Data provided:
☆ ☆ ☆ ☆

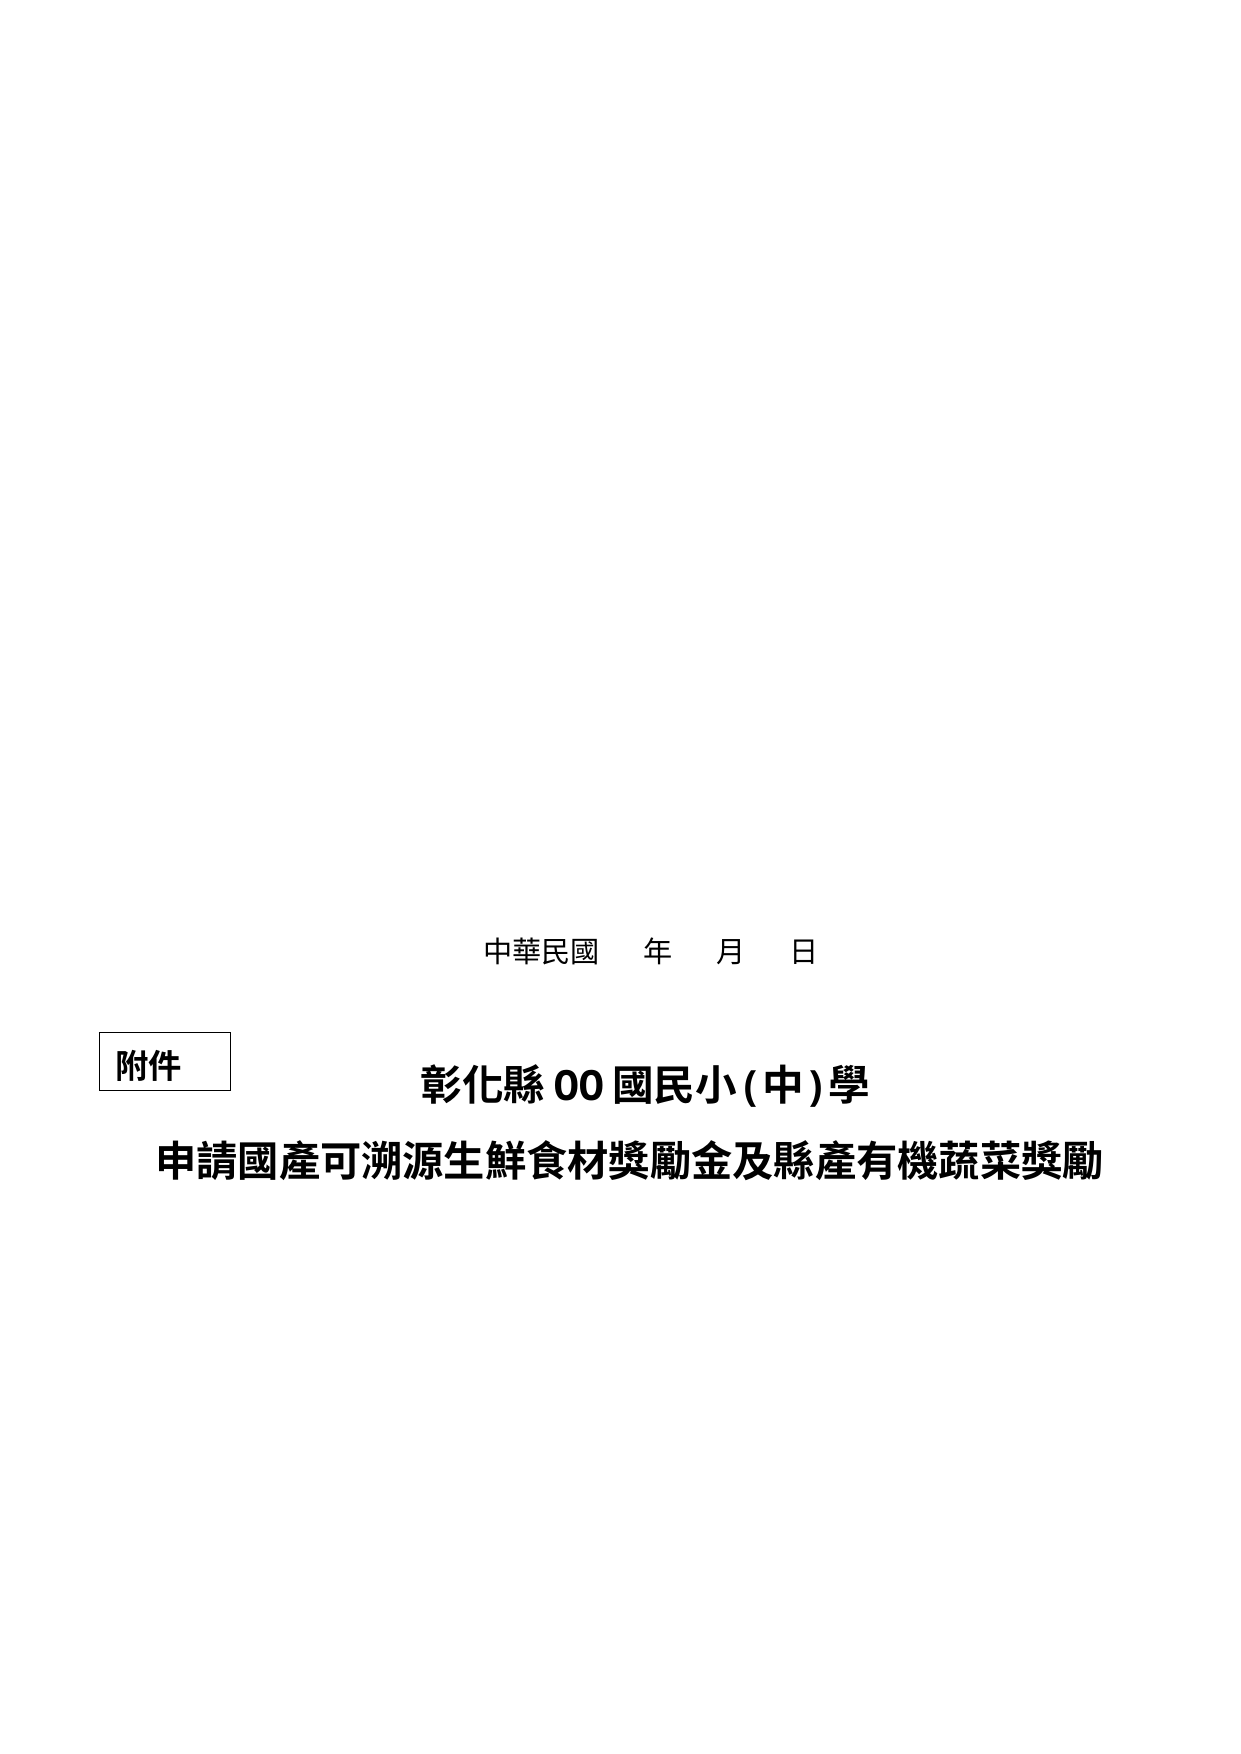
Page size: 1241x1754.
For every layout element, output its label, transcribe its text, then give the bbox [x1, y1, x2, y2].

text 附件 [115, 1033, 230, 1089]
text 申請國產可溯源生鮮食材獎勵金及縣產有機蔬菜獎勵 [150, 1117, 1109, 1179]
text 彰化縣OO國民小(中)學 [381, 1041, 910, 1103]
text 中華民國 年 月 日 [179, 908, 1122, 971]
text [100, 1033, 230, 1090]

☆ ☆ ☆ ☆

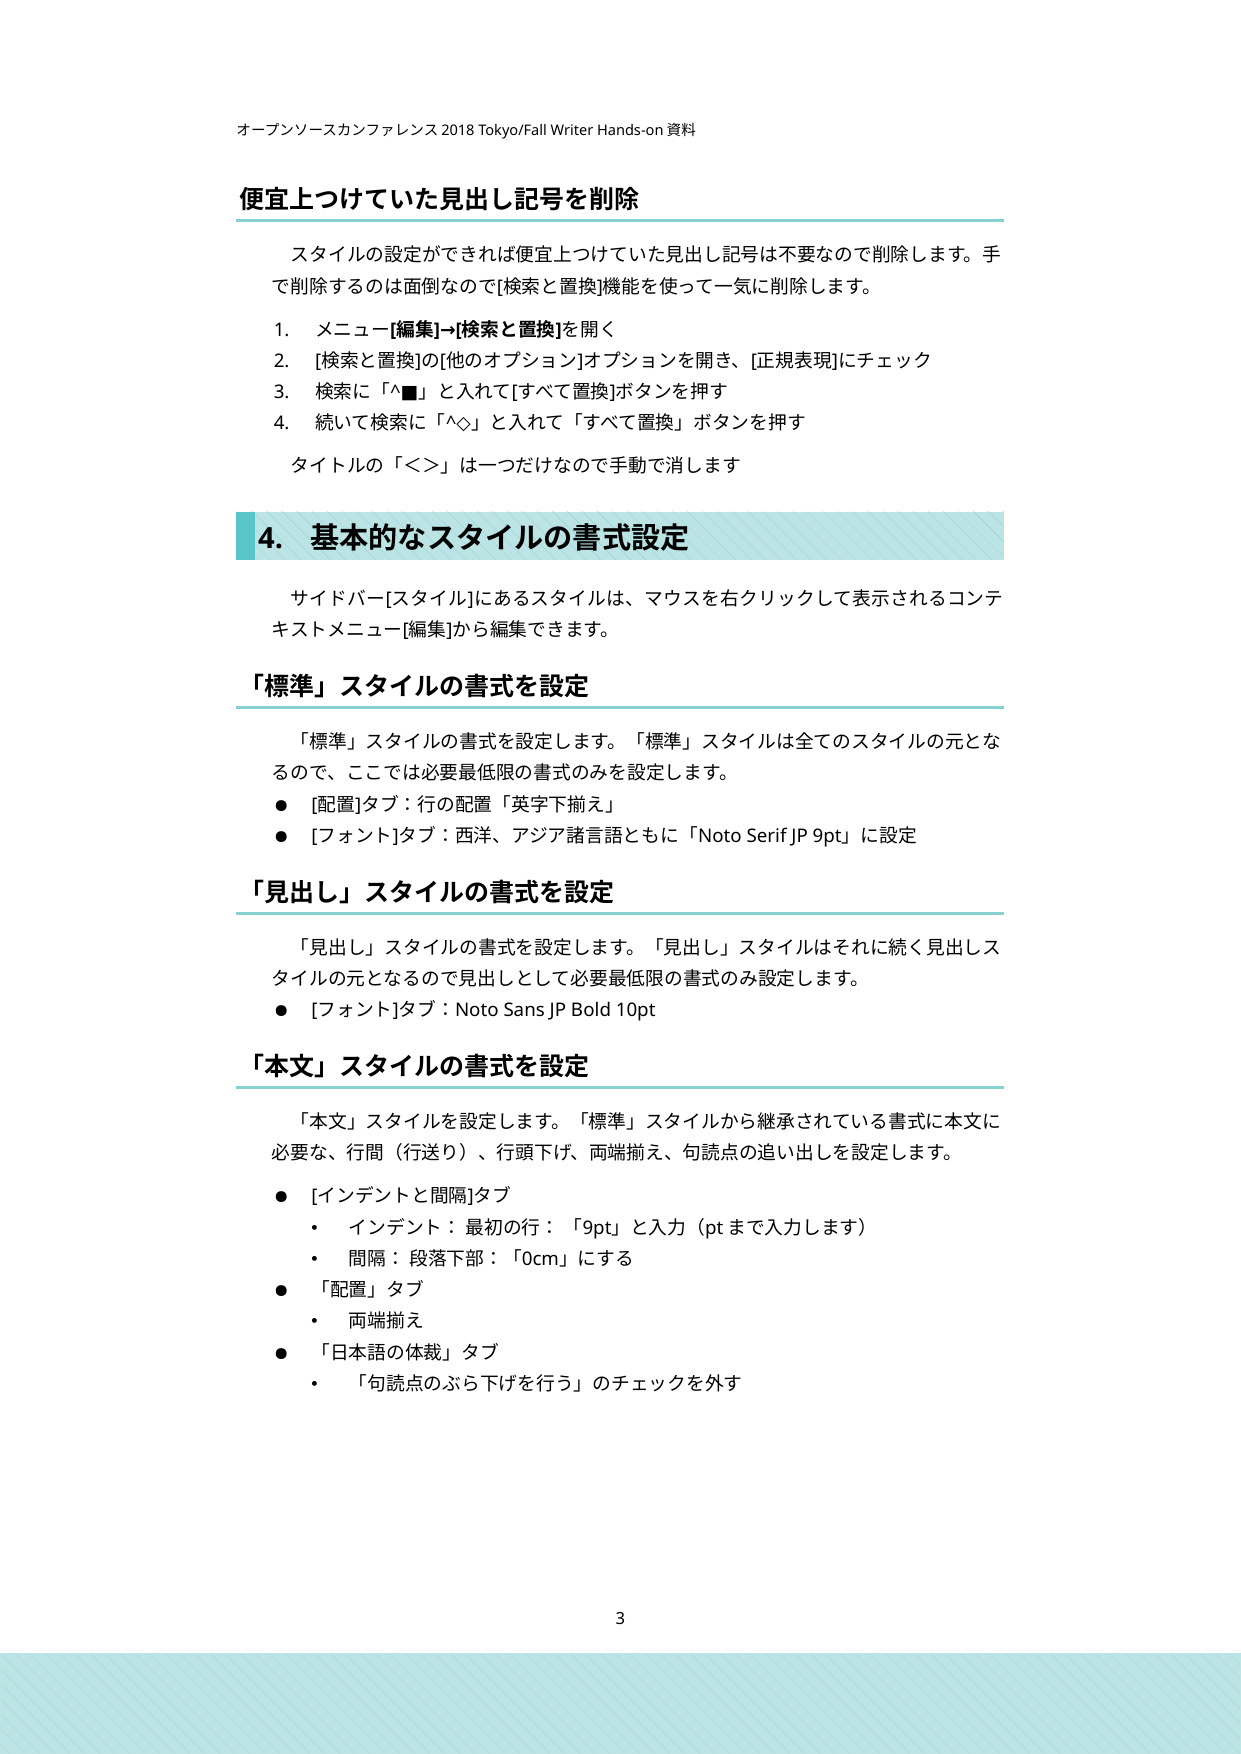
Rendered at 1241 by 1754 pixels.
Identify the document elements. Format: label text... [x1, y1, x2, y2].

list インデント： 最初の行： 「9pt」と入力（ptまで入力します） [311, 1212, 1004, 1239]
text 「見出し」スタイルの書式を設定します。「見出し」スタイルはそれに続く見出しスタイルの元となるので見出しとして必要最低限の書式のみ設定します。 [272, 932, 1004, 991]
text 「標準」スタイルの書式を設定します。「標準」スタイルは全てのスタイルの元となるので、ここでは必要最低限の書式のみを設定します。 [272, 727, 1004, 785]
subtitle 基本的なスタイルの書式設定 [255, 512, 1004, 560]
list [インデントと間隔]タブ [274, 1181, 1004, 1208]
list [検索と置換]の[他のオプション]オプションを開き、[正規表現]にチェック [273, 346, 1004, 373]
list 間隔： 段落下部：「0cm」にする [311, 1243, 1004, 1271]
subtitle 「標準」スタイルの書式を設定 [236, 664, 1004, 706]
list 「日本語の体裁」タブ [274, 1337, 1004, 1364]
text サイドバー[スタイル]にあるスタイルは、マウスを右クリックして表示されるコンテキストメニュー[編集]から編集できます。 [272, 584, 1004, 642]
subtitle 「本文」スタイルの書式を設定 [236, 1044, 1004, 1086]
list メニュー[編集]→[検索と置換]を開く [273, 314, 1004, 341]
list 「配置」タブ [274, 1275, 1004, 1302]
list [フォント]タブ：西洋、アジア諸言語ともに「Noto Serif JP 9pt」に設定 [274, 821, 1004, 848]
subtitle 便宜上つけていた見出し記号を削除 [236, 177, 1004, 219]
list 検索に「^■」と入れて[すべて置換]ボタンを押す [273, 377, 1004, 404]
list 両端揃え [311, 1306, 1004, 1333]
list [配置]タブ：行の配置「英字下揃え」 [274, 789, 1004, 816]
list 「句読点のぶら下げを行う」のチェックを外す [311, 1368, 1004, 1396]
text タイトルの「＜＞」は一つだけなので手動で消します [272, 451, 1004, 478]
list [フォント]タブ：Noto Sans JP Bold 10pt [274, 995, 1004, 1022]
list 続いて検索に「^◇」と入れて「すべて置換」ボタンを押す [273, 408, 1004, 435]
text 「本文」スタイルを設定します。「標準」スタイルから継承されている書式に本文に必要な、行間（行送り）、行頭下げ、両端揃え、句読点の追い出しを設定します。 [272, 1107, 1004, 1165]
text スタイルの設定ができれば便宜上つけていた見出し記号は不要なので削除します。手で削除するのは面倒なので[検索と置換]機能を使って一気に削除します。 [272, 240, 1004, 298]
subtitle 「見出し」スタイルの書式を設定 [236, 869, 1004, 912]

☆ ☆ ☆ ☆

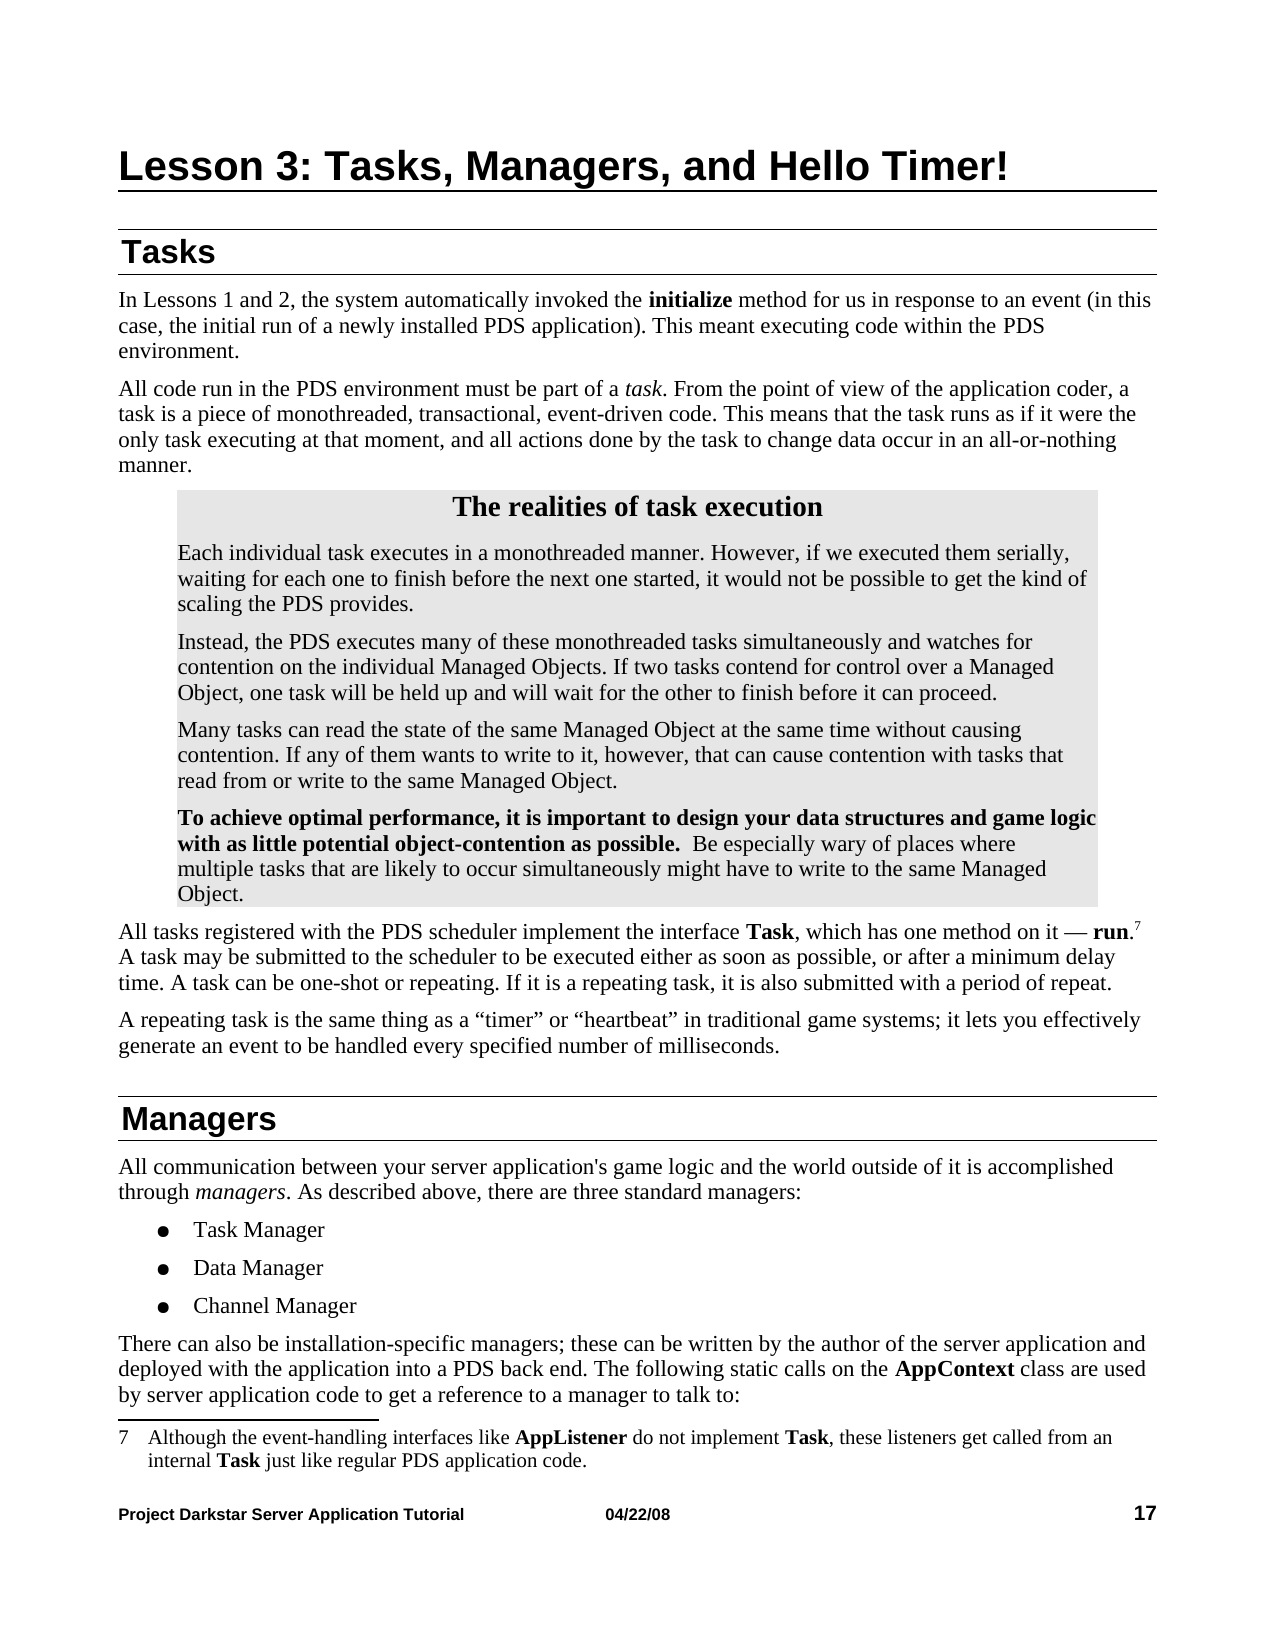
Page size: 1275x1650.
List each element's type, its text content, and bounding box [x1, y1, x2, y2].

☆ ☆ ☆ ☆

About this exercise:
Each line holding "size" in the records should be copied out.

Written solution:
Page size: 1241x1754.
Page size: 1275x1650.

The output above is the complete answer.